TASK DESCRIPTION: Produce word for word the lines of the data below running from the one that has "Per item below: a 3D cuboid." to the one that has "6) person (1266,936,1443,1079)", inclusive, and no others.
*** Opening of DATASET EXTRACT ***
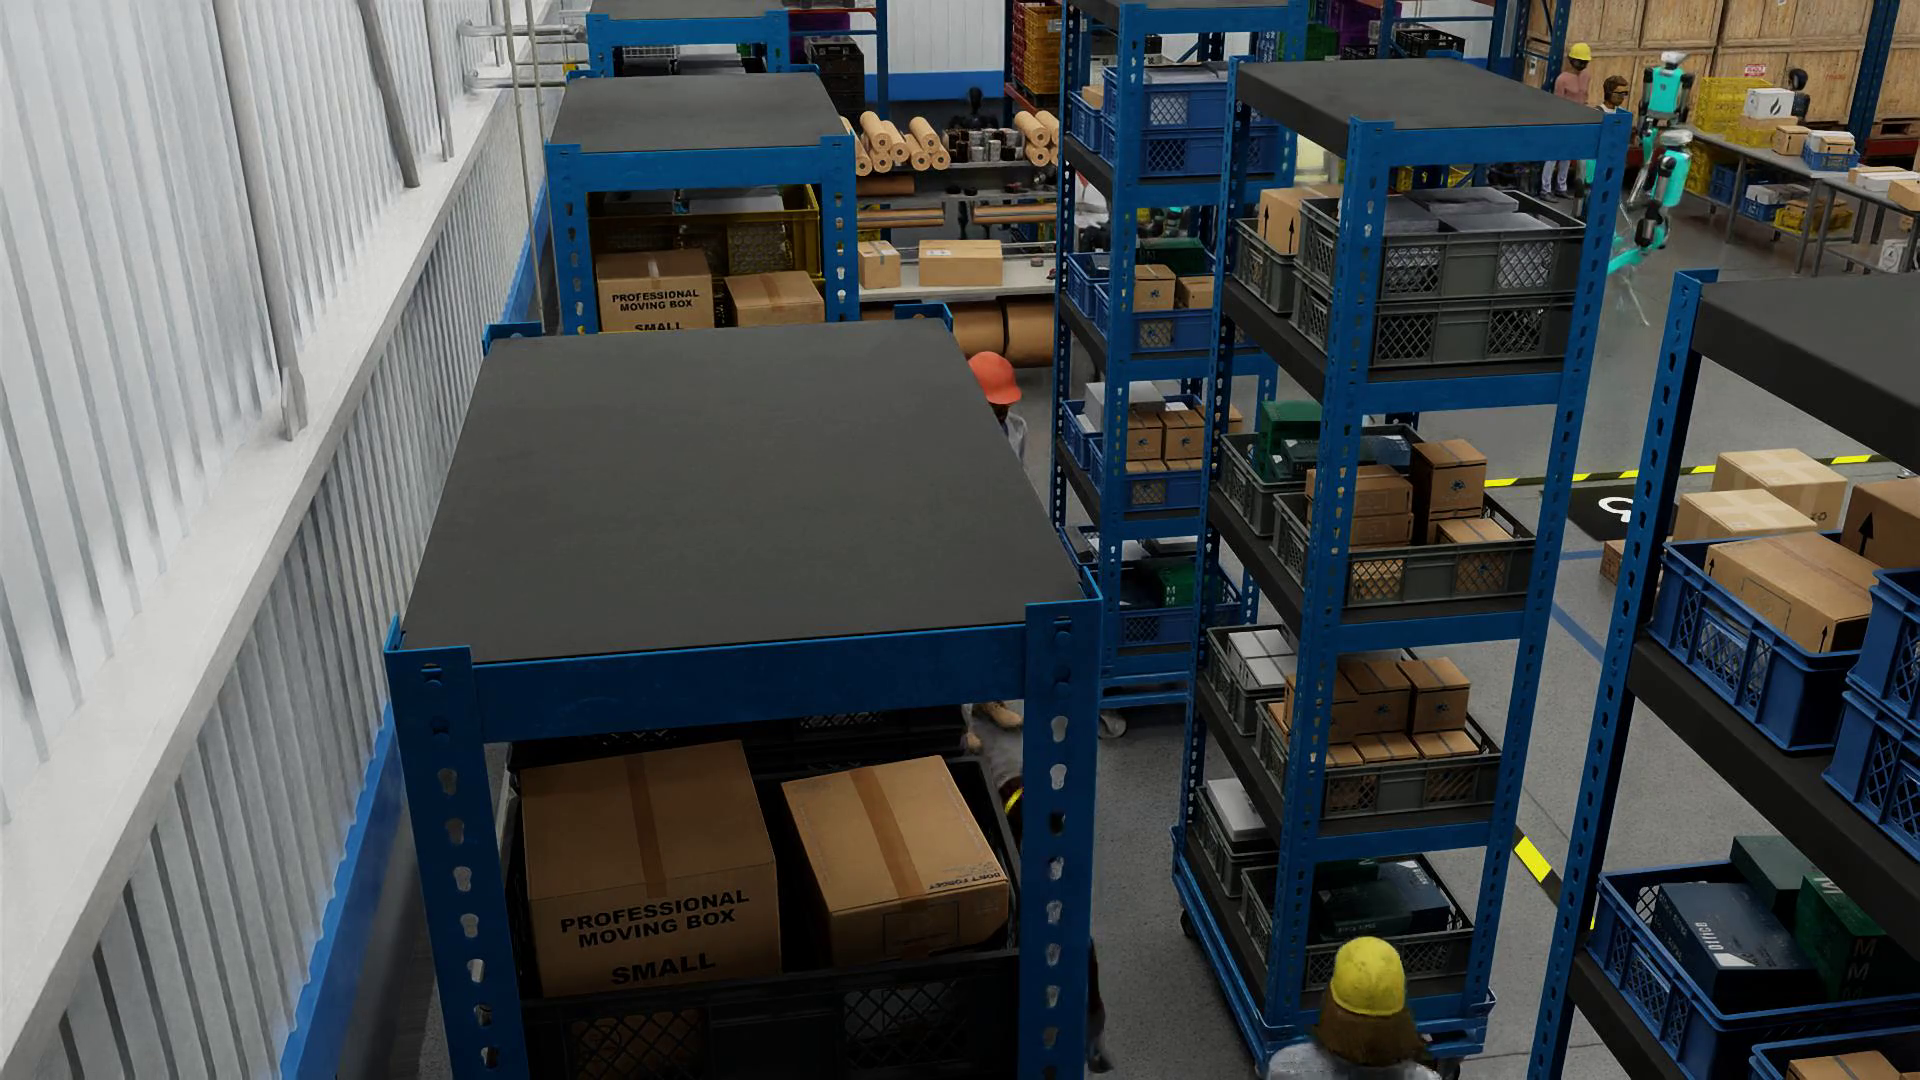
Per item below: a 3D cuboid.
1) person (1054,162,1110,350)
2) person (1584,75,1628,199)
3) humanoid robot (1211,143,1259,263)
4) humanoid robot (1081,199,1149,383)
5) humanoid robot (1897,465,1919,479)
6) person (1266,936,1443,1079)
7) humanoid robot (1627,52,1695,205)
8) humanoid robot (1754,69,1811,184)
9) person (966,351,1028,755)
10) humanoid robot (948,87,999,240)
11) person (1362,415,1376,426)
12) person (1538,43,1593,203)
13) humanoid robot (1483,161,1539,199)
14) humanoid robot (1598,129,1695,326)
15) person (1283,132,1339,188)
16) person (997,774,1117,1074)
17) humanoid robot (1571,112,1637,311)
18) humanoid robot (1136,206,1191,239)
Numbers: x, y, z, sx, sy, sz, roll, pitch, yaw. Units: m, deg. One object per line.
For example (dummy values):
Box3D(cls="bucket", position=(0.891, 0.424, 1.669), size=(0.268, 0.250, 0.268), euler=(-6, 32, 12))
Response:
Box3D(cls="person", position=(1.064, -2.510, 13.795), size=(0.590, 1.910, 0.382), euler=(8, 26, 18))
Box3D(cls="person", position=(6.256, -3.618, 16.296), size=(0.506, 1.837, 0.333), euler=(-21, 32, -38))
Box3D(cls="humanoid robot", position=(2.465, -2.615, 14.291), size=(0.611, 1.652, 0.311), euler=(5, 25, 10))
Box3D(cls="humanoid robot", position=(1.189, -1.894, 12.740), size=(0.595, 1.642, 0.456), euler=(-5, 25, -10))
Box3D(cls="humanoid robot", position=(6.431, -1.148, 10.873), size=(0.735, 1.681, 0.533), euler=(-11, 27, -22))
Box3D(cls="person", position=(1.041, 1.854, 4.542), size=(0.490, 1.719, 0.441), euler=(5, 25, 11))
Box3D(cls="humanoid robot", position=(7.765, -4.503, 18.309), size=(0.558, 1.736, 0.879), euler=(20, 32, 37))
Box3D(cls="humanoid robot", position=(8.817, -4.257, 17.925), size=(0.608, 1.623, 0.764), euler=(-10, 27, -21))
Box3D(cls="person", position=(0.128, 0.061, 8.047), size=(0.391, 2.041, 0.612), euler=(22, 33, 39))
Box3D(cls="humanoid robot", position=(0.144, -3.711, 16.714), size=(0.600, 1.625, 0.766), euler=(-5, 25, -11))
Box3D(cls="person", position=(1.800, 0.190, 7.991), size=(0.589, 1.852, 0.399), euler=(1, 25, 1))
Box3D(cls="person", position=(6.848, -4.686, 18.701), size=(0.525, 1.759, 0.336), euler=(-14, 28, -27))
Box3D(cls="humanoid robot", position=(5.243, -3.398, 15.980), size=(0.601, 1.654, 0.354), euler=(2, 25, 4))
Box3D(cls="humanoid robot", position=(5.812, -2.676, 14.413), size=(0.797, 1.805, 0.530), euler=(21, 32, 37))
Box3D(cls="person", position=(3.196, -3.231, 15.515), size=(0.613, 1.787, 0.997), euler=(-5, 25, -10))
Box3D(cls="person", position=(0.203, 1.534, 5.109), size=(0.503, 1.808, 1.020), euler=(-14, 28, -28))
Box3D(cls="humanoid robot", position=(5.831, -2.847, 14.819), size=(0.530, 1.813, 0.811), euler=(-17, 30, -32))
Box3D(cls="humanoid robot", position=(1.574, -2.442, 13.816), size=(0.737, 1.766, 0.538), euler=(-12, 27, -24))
*** Close of DATASET EXTRACT ***
*** Opening of DATASET EXTRACT ***
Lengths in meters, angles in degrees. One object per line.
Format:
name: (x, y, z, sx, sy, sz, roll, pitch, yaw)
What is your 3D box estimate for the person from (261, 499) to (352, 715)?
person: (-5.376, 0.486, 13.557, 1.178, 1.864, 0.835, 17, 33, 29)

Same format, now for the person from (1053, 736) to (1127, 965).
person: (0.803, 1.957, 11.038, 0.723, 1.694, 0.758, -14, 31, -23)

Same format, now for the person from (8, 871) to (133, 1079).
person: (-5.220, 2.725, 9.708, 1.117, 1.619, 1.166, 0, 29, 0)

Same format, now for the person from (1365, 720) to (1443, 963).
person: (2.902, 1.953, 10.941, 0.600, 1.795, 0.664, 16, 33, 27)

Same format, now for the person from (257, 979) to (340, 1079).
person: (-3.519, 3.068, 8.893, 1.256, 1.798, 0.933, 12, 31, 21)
*** Close of DATASET EXTRACT ***
*** Opening of DATASET EXTRACT ***
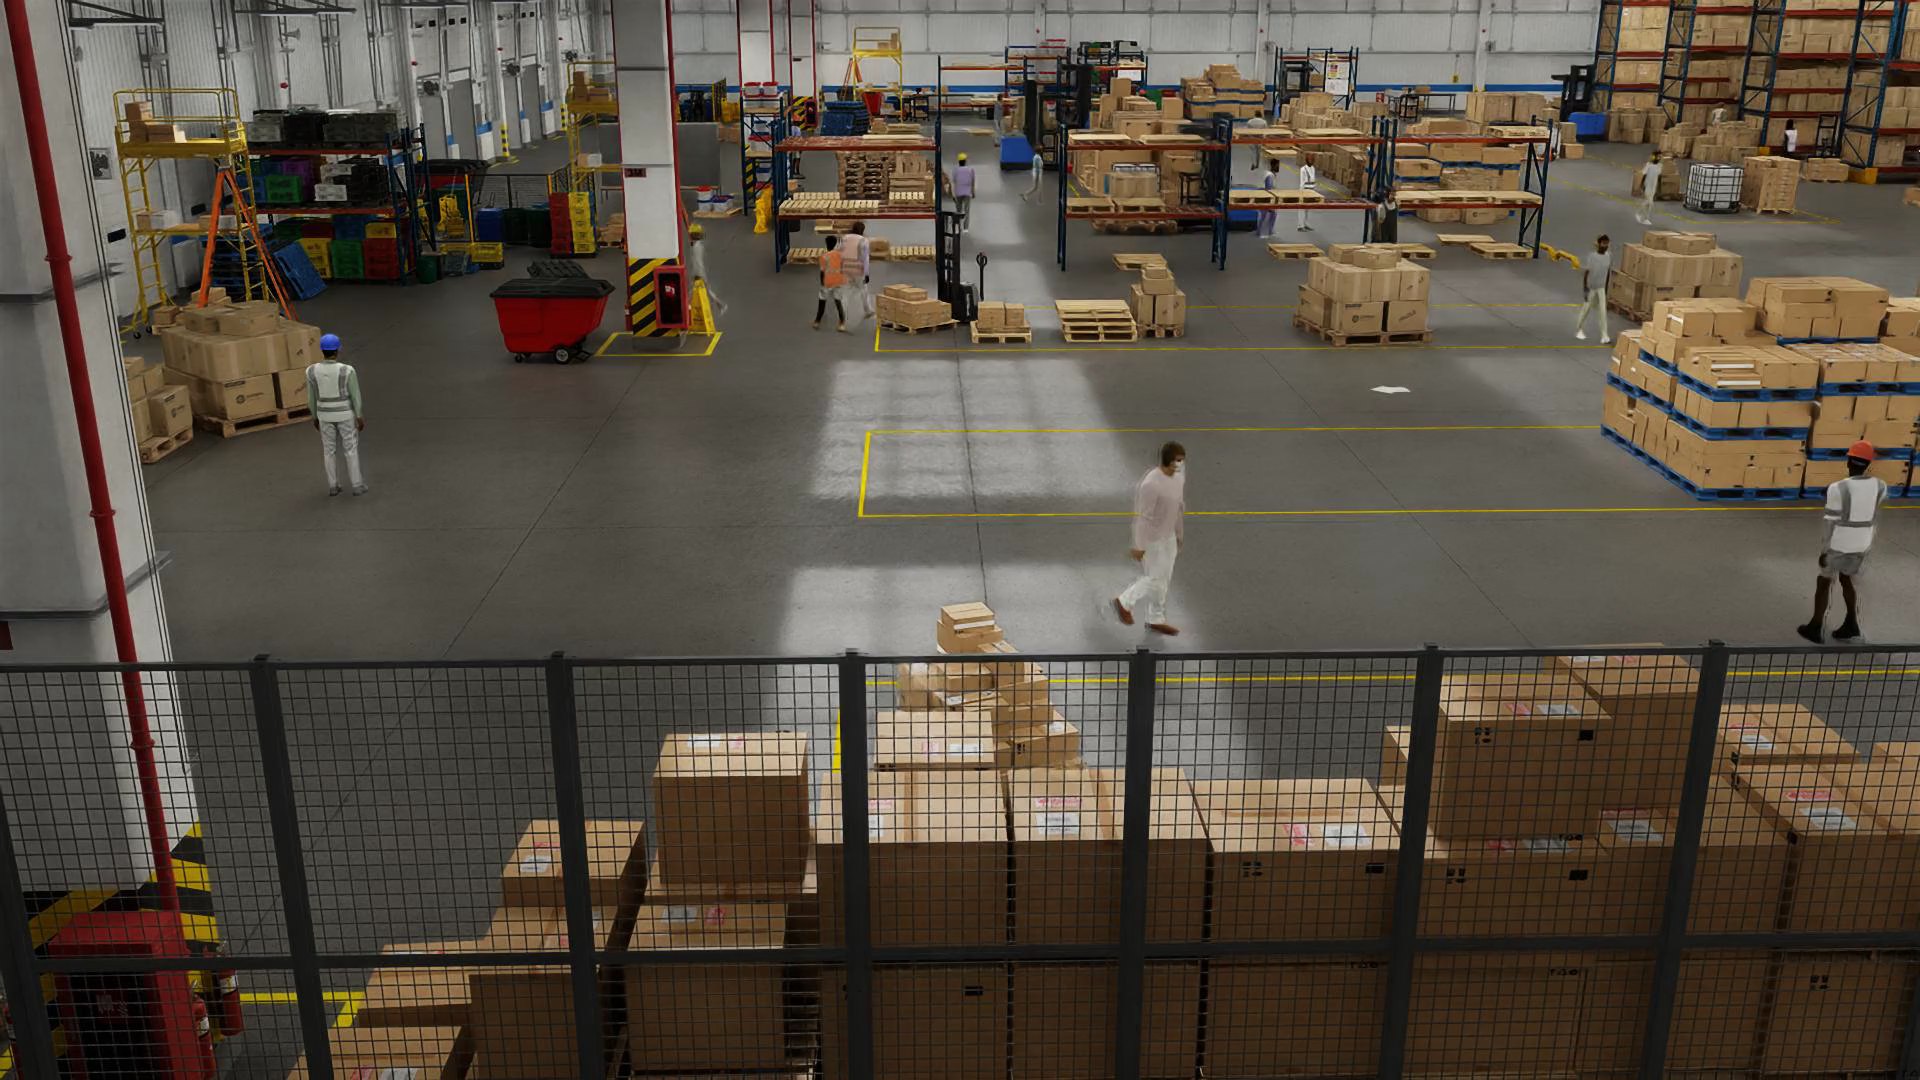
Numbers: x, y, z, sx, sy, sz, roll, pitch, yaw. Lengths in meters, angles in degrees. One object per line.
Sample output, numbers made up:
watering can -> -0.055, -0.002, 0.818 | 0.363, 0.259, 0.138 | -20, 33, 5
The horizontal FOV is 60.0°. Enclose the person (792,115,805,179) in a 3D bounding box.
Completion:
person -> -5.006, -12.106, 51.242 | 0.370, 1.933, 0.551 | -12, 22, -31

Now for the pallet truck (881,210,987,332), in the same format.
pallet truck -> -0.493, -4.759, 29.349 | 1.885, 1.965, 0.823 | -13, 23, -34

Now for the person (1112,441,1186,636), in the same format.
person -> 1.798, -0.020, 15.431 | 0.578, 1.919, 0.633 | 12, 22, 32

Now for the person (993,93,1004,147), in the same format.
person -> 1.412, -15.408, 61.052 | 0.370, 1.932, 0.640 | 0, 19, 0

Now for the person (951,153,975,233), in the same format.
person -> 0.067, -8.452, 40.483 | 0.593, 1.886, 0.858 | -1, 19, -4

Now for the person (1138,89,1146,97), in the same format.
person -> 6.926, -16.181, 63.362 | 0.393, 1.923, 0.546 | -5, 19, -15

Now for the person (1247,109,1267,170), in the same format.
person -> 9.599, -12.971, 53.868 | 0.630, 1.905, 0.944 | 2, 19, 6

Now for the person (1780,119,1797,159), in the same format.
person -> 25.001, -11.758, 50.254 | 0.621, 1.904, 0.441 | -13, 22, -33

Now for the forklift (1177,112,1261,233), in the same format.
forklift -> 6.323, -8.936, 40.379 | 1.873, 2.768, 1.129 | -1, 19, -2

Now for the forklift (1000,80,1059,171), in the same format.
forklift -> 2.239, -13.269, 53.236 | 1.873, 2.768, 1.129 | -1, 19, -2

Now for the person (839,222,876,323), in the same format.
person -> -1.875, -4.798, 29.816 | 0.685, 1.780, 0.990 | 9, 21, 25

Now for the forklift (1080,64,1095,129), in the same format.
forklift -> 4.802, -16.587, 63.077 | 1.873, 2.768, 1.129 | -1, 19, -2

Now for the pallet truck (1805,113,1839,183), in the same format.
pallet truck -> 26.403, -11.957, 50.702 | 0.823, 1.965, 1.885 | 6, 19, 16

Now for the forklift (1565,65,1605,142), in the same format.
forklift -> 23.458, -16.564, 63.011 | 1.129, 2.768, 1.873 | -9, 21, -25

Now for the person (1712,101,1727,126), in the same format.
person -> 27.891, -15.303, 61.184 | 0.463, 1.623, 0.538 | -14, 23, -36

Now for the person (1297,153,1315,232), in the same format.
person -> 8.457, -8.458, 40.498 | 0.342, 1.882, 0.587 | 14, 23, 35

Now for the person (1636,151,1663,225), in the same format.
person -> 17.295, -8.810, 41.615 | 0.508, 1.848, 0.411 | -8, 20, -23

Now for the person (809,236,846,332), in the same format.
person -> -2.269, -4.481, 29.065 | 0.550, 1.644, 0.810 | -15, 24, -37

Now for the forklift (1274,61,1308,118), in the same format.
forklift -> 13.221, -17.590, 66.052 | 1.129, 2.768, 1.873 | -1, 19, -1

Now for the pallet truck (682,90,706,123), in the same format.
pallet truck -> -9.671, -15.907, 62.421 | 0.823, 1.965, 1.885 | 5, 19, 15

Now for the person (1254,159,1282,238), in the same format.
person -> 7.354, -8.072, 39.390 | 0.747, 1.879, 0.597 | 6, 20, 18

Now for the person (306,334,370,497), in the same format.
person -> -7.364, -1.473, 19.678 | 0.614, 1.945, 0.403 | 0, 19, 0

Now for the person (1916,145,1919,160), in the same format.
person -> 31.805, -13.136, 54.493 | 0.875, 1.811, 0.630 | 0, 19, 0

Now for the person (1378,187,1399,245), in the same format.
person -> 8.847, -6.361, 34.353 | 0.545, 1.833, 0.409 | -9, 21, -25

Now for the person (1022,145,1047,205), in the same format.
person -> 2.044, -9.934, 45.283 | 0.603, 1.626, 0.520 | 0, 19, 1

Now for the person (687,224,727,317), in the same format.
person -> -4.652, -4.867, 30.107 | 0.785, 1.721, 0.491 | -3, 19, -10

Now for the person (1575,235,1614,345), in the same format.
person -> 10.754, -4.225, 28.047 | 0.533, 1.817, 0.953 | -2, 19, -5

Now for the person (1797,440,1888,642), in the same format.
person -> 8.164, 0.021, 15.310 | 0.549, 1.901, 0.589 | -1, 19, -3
*** Close of DATASET EXTRACT ***
FINAL ANSWER:
Per item below: a 3D cuboid.
1) person (1054,162,1110,350)
2) person (1584,75,1628,199)
3) humanoid robot (1211,143,1259,263)
4) humanoid robot (1081,199,1149,383)
5) humanoid robot (1897,465,1919,479)
6) person (1266,936,1443,1079)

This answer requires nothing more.